Objective
Seeking for help, advise why the gradient descent implementation does not work below.
Background
Working on the task below to implement the logistic regression.
Gradient descent
Derived the gradient descent as in the picture.
Typo fixed as in the red in the picture.
The cross entropy log loss is $- \left [ylog(z) + (1-y)log(1-z) \right ]$
Implemented the code, however it says incorrect.
import numpy as np
def LogitRegression(arr):
# code goes here
x = arr[0]
y = arr[1]
a = arr[2]
b = arr[3]
z = 1.0 / (1.0 + np.exp(-a * x - b))
lr = 1.0
a = a - x * (z-y)
a = np.round(a, decimals=3)
b = b - (z-y)
b = np.round(b, decimals=3)
return ", ".join([str(a), str(b)])
# keep this function call here
print(LogitRegression(input()))
If I reverted the sign of the gradient update, it works.

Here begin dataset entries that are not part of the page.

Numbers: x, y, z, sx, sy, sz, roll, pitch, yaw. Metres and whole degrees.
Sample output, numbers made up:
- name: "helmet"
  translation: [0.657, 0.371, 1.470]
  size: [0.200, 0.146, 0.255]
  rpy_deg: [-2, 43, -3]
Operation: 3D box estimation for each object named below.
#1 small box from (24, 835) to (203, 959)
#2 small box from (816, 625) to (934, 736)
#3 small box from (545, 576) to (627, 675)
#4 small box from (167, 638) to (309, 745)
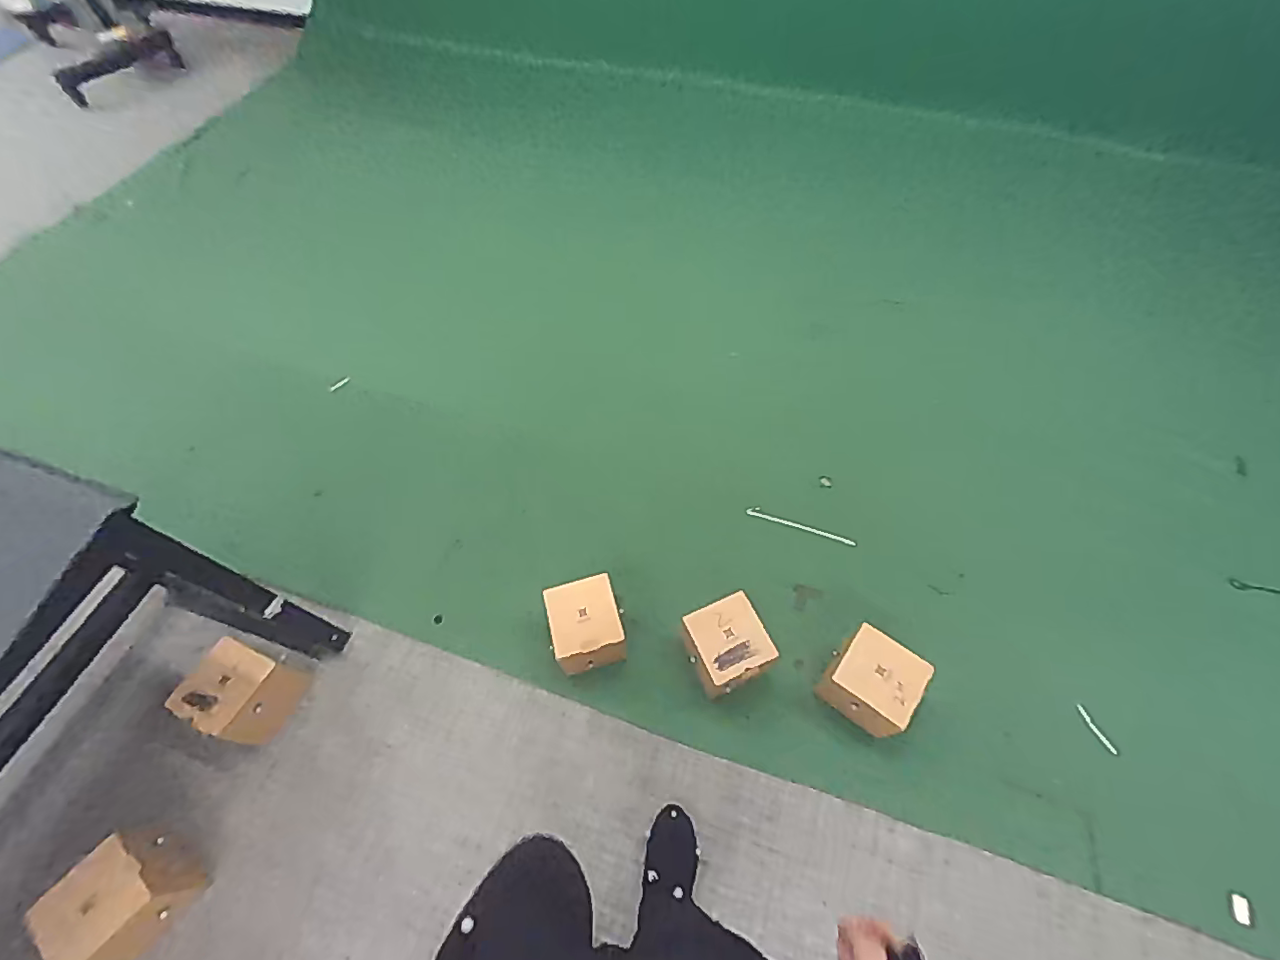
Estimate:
- name: "small box"
  translation: [-1.036, 0.849, 1.085]
  size: [0.168, 0.176, 0.179]
  rpy_deg: [34, 67, 20]
- name: "small box"
  translation: [0.543, 0.477, 1.272]
  size: [0.179, 0.176, 0.168]
  rpy_deg: [34, 66, 18]
- name: "small box"
  translation: [-0.133, 0.367, 1.354]
  size: [0.168, 0.176, 0.179]
  rpy_deg: [-15, 61, -8]
- name: "small box"
  translation: [-0.940, 0.508, 1.284]
  size: [0.168, 0.176, 0.179]
  rpy_deg: [21, 61, 12]
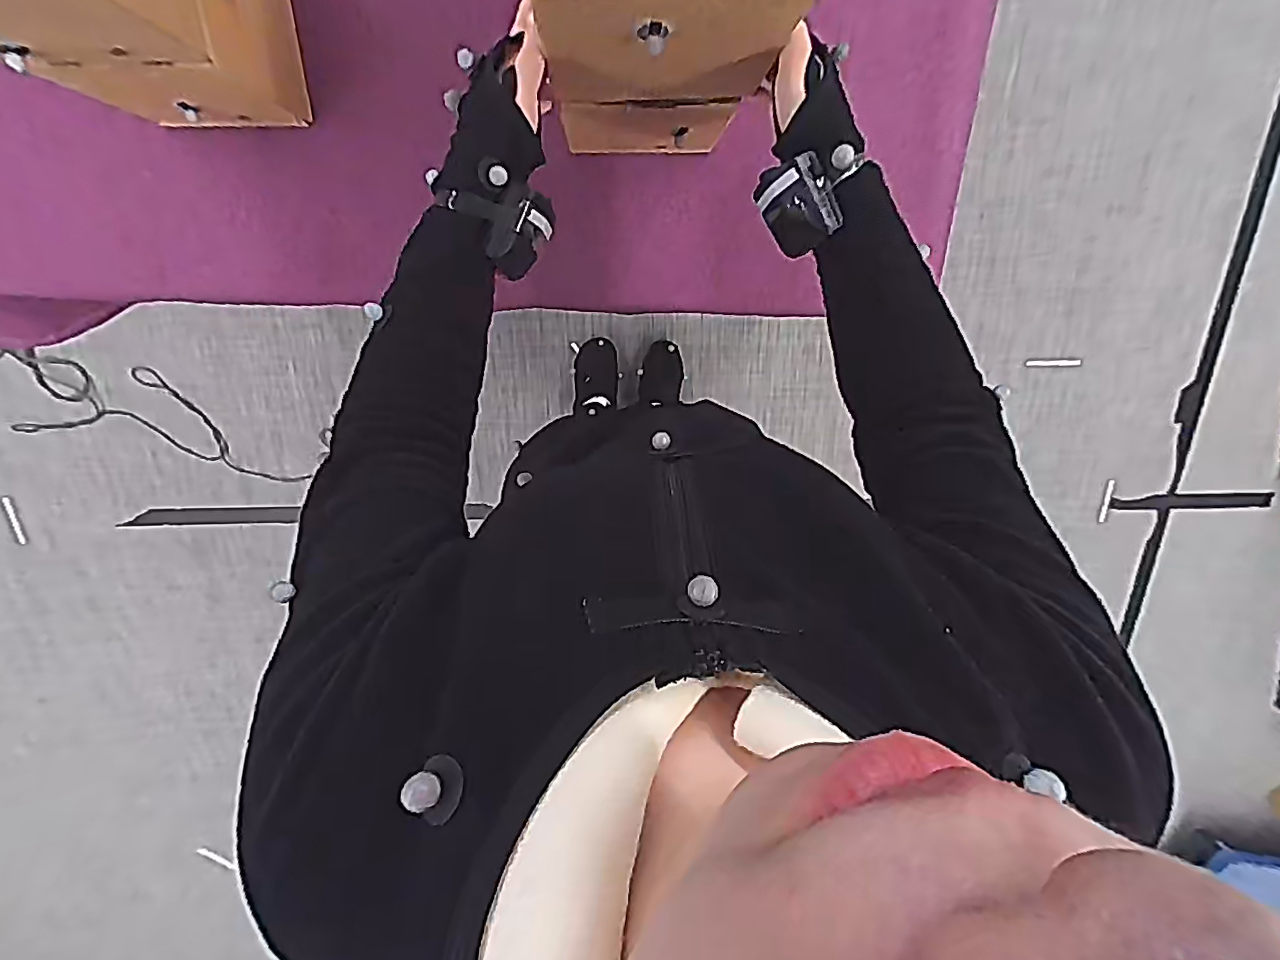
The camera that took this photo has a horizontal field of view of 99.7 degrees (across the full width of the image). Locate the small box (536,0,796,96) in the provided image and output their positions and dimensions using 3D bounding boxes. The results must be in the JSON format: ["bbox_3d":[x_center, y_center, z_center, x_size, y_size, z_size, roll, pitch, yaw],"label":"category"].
[{"bbox_3d":[0.013,-0.386,0.368,0.179,0.176,0.168,-2,108,-3],"label":"small box"}]

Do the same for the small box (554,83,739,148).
[{"bbox_3d":[0.004,-0.440,0.526,0.168,0.176,0.179,-1,109,-3],"label":"small box"}]

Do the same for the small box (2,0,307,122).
[{"bbox_3d":[-0.444,-0.455,0.496,0.168,0.176,0.179,-2,110,-3],"label":"small box"}]

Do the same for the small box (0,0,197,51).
[{"bbox_3d":[-0.436,-0.402,0.341,0.168,0.176,0.179,-3,109,-3],"label":"small box"}]
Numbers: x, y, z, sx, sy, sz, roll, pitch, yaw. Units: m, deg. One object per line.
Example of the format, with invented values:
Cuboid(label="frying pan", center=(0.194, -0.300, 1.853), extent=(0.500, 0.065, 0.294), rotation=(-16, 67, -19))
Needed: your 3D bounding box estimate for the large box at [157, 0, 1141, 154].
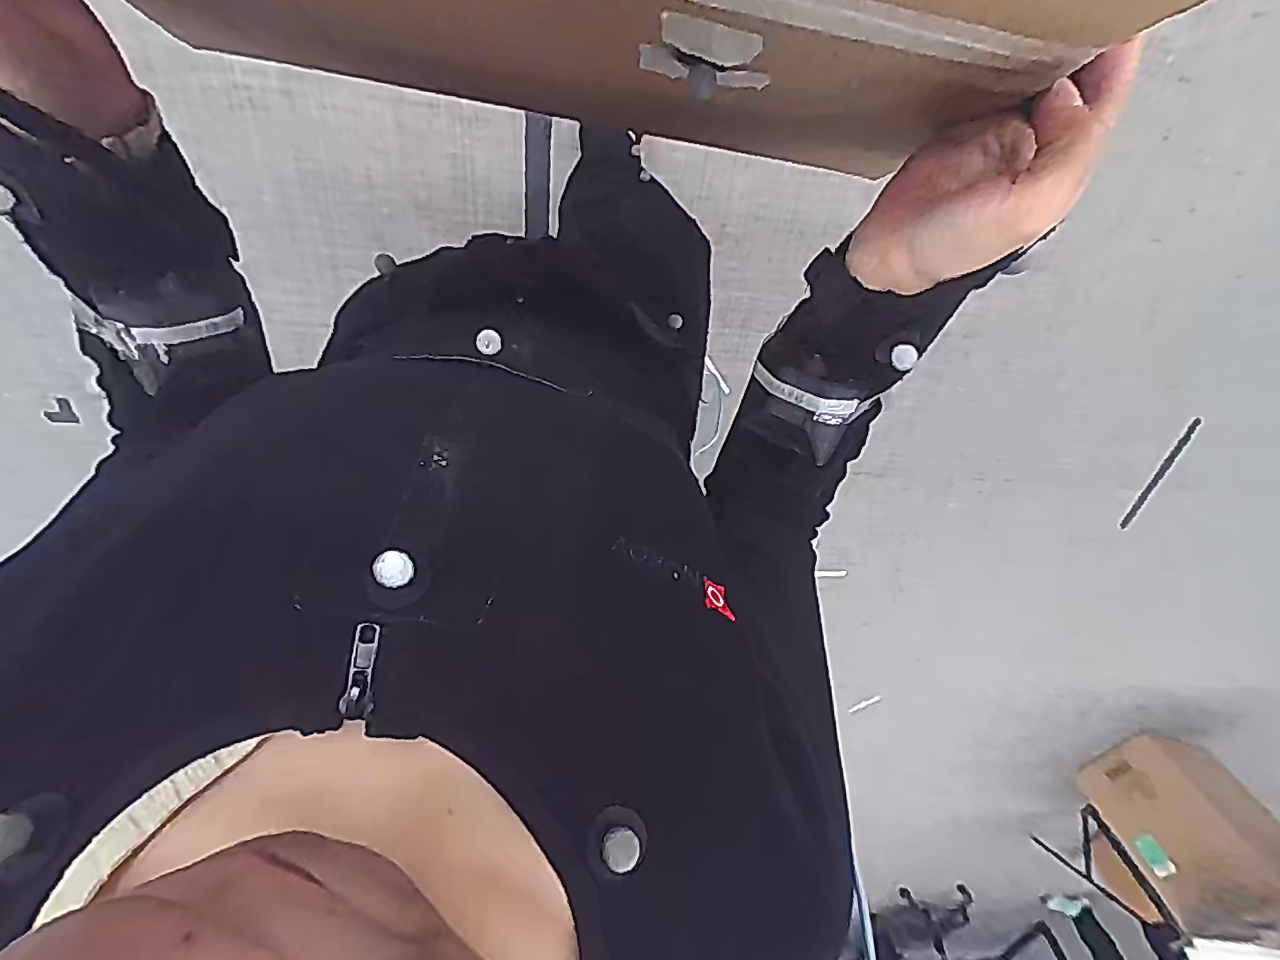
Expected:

However, not sure why.
# a = a - x * (z-y)
a = a + x * (z-y)
a = np.round(a, decimals=3)
# b = b - (z-y)
b = b + (z-y)
b = np.round(b, decimals=3)
Best Answer
Your loss function, in the image, has a minus sign in the wrong spot. The loss you should be minimizing is $-\left[ y \log z + (1-y) \log (1-z) \right]$. You can show that this is correct by writing down the negative log-likelihood of a Bernoulli random variable.
After you fix the error in the loss equation, you'll need to fix the error in the equations for the gradient updates. You missed a minus sign in the relationship between $L, z, w$ and $a$.